PROVIDED RECORDS
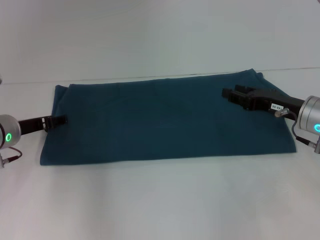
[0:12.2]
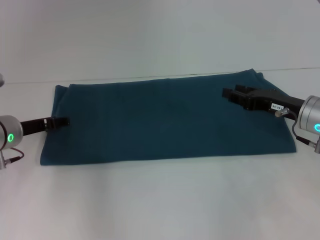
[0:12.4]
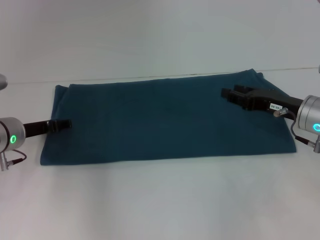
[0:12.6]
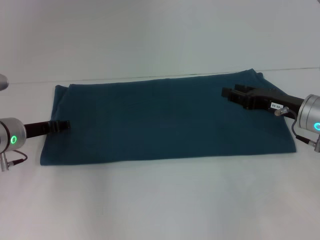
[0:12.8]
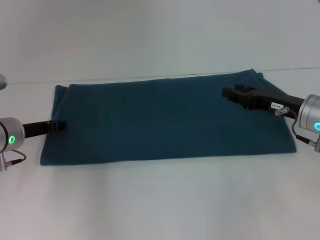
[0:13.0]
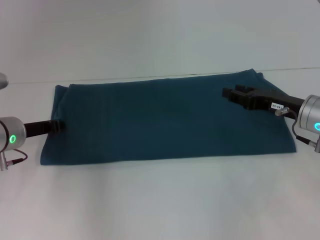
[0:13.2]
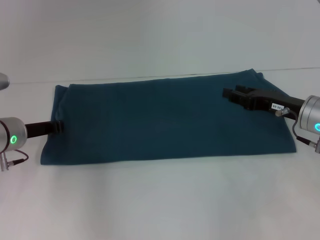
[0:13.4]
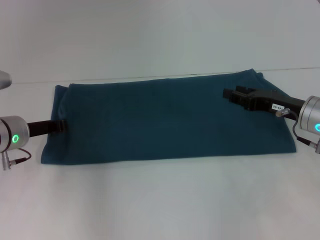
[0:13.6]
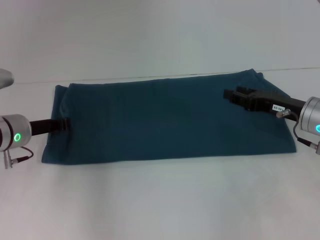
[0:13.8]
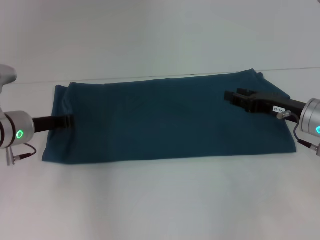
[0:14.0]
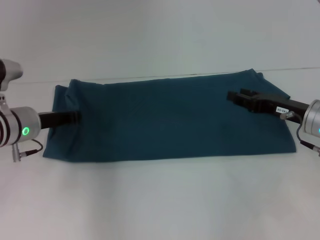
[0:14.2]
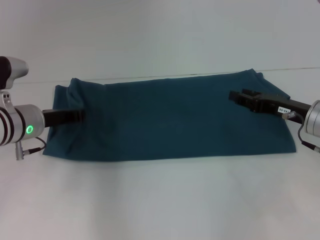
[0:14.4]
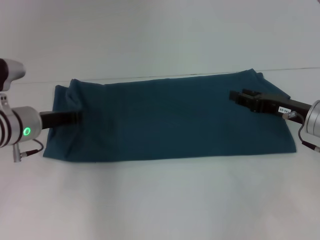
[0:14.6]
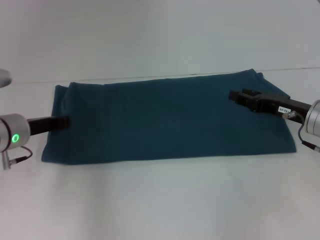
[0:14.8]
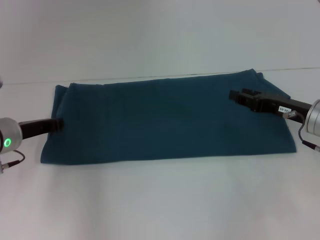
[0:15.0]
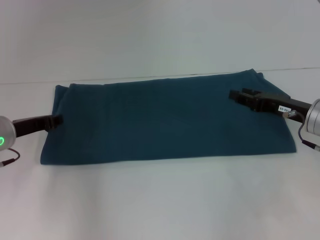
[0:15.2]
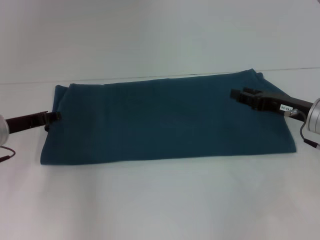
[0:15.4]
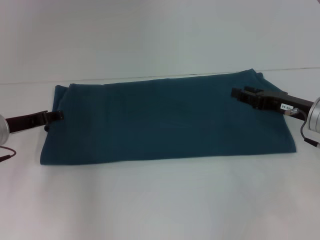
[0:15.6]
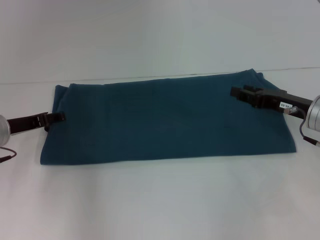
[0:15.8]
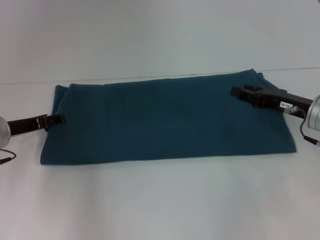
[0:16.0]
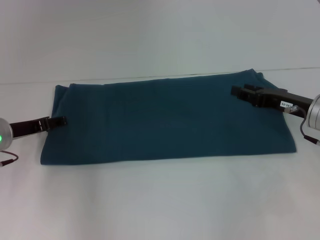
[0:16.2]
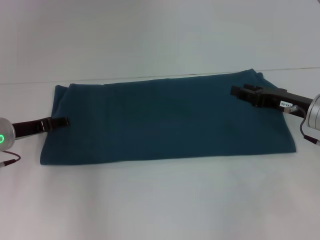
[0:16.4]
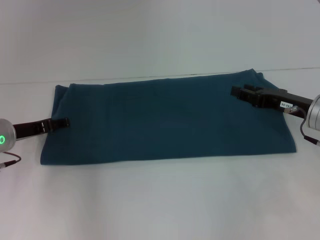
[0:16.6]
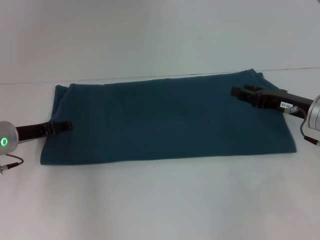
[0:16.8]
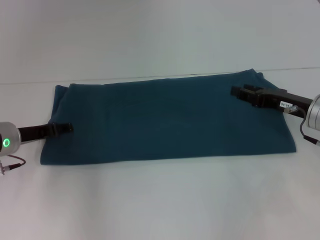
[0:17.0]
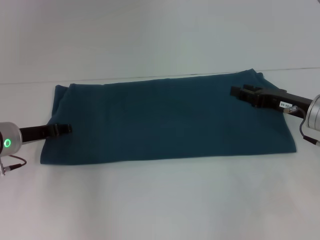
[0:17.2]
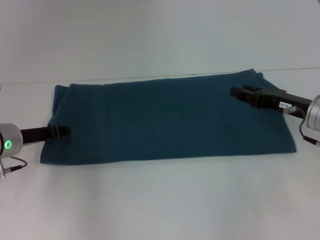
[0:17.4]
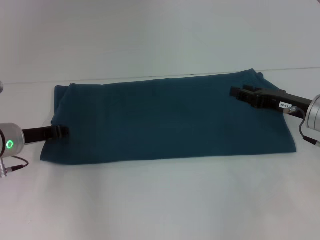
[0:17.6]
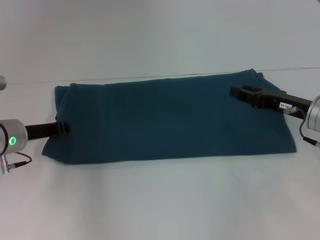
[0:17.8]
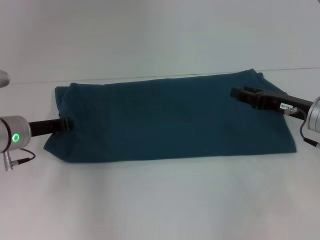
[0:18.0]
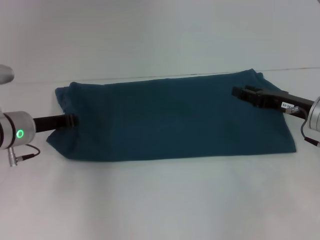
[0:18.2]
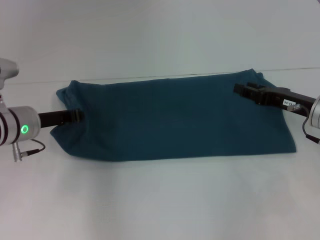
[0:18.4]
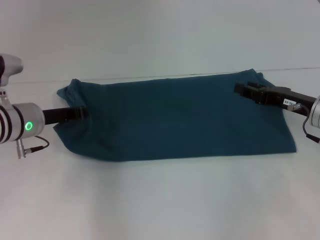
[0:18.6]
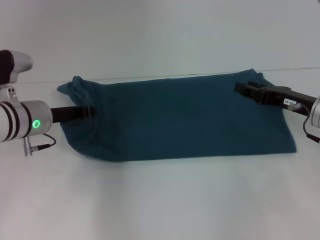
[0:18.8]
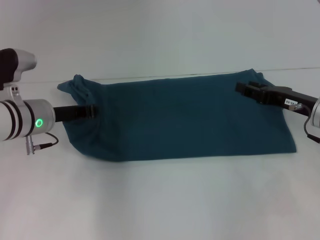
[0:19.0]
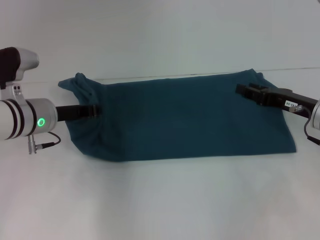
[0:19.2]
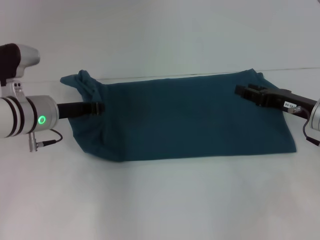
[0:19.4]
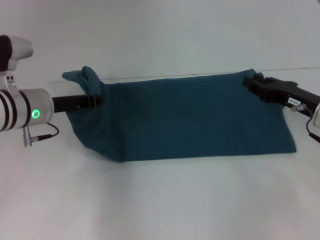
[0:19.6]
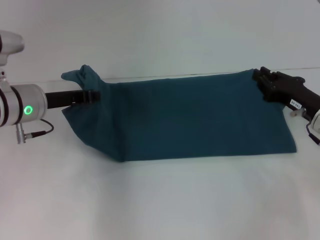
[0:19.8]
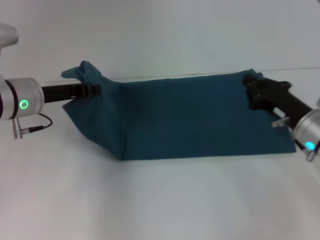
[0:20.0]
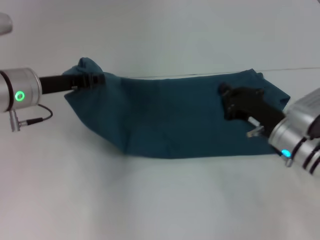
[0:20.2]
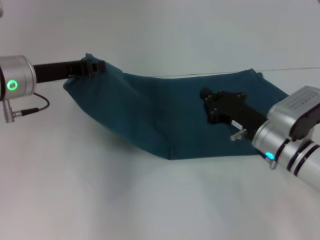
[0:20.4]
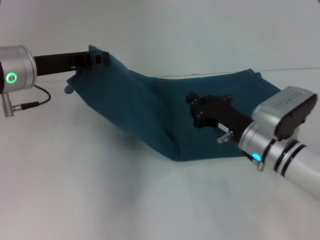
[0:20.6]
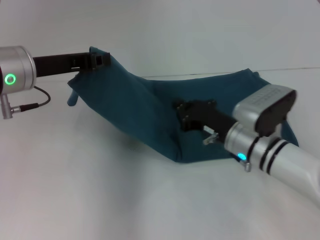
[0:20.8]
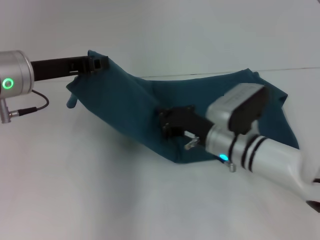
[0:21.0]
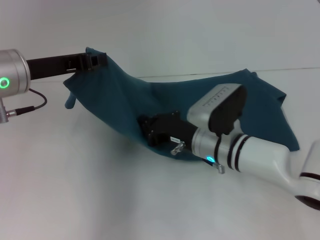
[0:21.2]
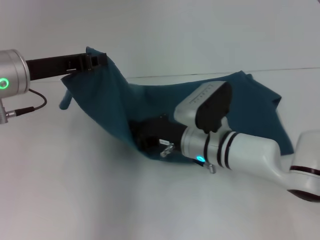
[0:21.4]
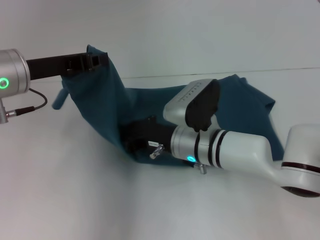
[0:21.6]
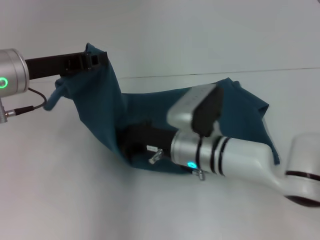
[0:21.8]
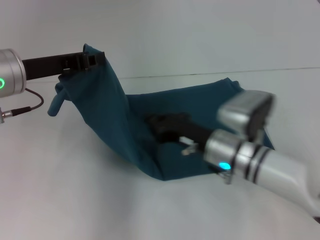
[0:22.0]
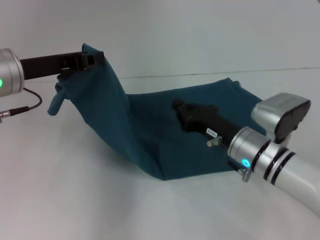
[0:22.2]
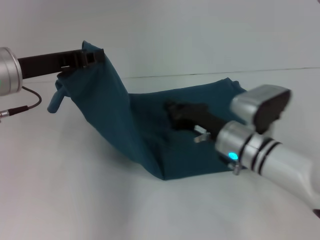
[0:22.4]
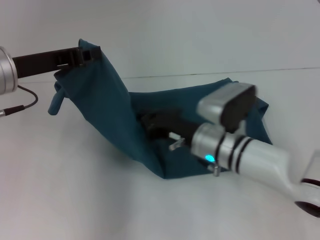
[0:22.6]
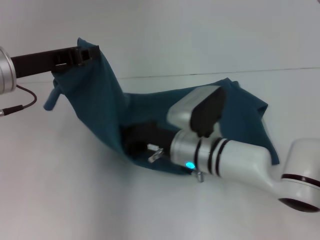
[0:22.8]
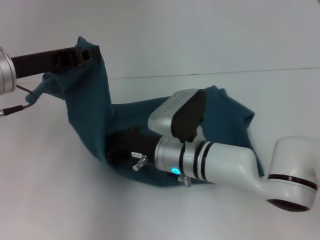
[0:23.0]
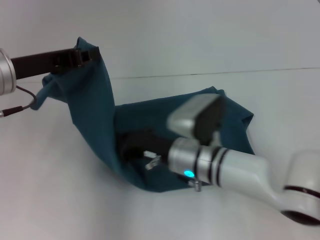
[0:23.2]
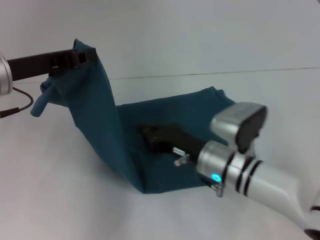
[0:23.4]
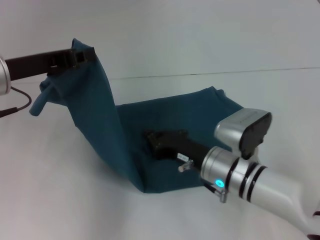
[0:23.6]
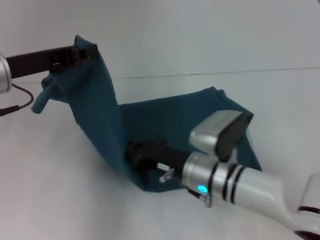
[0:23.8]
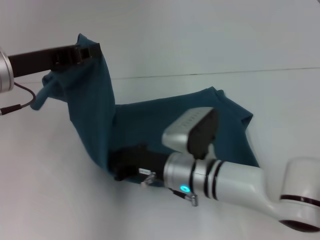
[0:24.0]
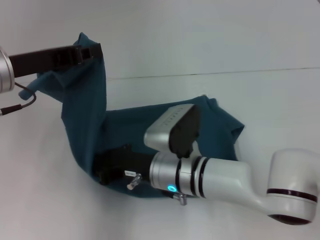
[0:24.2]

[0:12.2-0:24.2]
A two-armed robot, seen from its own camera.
0:12.2 to 0:13.8: The left gripper closes its fingers.
0:13.8 to 0:15.2: The grippers move only a little.
0:15.2 to 0:16.6: The left gripper opens its fingers.
0:16.6 to 0:18.2: The left gripper closes its fingers.
0:18.2 to 0:19.8: The left gripper is displaced upward by approximately 5 cm.
0:19.8 to 0:21.2: The left gripper travels upward by some 5 cm. Meanwhile the right gripper moves to the left, about 20 cm.
0:21.2 to 0:22.6: The right gripper reaches some 5 cm to the right, then returns.
0:22.6 to 0:24.2: The right gripper moves left and right over approximately 10 cm, changing direction 2 times.

EXERCISE DETAILS
Write the material above out again exactly as it reads, but don't carry over the pictures.

EXERCISE RESULT
[0:12.2]
[0:12.4]
[0:12.6]
[0:12.8]
[0:13.0]
[0:13.2]
[0:13.4]
[0:13.6]
[0:13.8]
[0:14.0]
[0:14.2]
[0:14.4]
[0:14.6]
[0:14.8]
[0:15.0]
[0:15.2]
[0:15.4]
[0:15.6]
[0:15.8]
[0:16.0]
[0:16.2]
[0:16.4]
[0:16.6]
[0:16.8]
[0:17.0]
[0:17.2]
[0:17.4]
[0:17.6]
[0:17.8]
[0:18.0]
[0:18.2]
[0:18.4]
[0:18.6]
[0:18.8]
[0:19.0]
[0:19.2]
[0:19.4]
[0:19.6]
[0:19.8]
[0:20.0]
[0:20.2]
[0:20.4]
[0:20.6]
[0:20.8]
[0:21.0]
[0:21.2]
[0:21.4]
[0:21.6]
[0:21.8]
[0:22.0]
[0:22.2]
[0:22.4]
[0:22.6]
[0:22.8]
[0:23.0]
[0:23.2]
[0:23.4]
[0:23.6]
[0:23.8]
[0:24.0]
[0:24.2]

[0:12.2-0:24.2]
A two-armed robot, seen from its own camera.
0:12.2 to 0:13.8: The left gripper closes its fingers.
0:13.8 to 0:15.2: The grippers move only a little.
0:15.2 to 0:16.6: The left gripper opens its fingers.
0:16.6 to 0:18.2: The left gripper closes its fingers.
0:18.2 to 0:19.8: The left gripper is displaced upward by approximately 5 cm.
0:19.8 to 0:21.2: The left gripper travels upward by some 5 cm. Meanwhile the right gripper moves to the left, about 20 cm.
0:21.2 to 0:22.6: The right gripper reaches some 5 cm to the right, then returns.
0:22.6 to 0:24.2: The right gripper moves left and right over approximately 10 cm, changing direction 2 times.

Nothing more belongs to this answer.